### [INPUT MATERIAL]
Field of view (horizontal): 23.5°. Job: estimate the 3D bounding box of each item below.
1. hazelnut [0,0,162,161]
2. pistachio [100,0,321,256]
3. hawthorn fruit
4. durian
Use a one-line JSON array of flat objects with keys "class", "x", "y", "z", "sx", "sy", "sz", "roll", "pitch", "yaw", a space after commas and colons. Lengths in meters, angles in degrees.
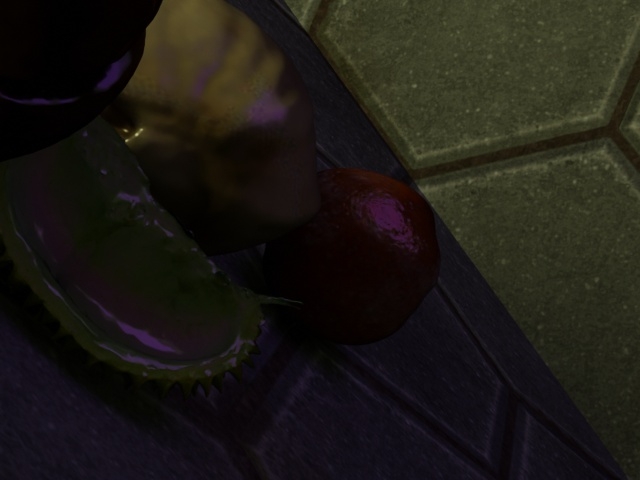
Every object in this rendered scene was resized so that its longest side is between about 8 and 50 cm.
[{"class": "hazelnut", "x": -0.335, "y": -0.266, "z": 1.248, "sx": 0.429, "sy": 0.402, "sz": 0.402, "roll": 8, "pitch": 22, "yaw": -5}, {"class": "pistachio", "x": -0.178, "y": -0.150, "z": 1.774, "sx": 0.365, "sy": 0.281, "sz": 0.445, "roll": 16, "pitch": 21, "yaw": -51}, {"class": "hawthorn fruit", "x": 0.037, "y": 0.015, "z": 2.006, "sx": 0.231, "sy": 0.235, "sz": 0.263, "roll": 55, "pitch": 14, "yaw": 29}, {"class": "durian", "x": -0.194, "y": 0.017, "z": 1.441, "sx": 0.355, "sy": 0.169, "sz": 0.157, "roll": 45, "pitch": 12, "yaw": -18}]

### [PROBLEM]
Give again, word for word, every line of the listing above from the one with "1. hazelnut [0,0,162,161]" to the one with "Use a one-line", both inclusive, and nothing beyond them.

### [ANSWER TO THE EXERCISE]
1. hazelnut [0,0,162,161]
2. pistachio [100,0,321,256]
3. hawthorn fruit
4. durian
Use a one-line JSON array of flat objects with keys "class", "x", "y", "z", "sx", "sy", "sz", "roll", "pitch", "yaw", a space after commas and colons. Lengths in meters, angles in degrees.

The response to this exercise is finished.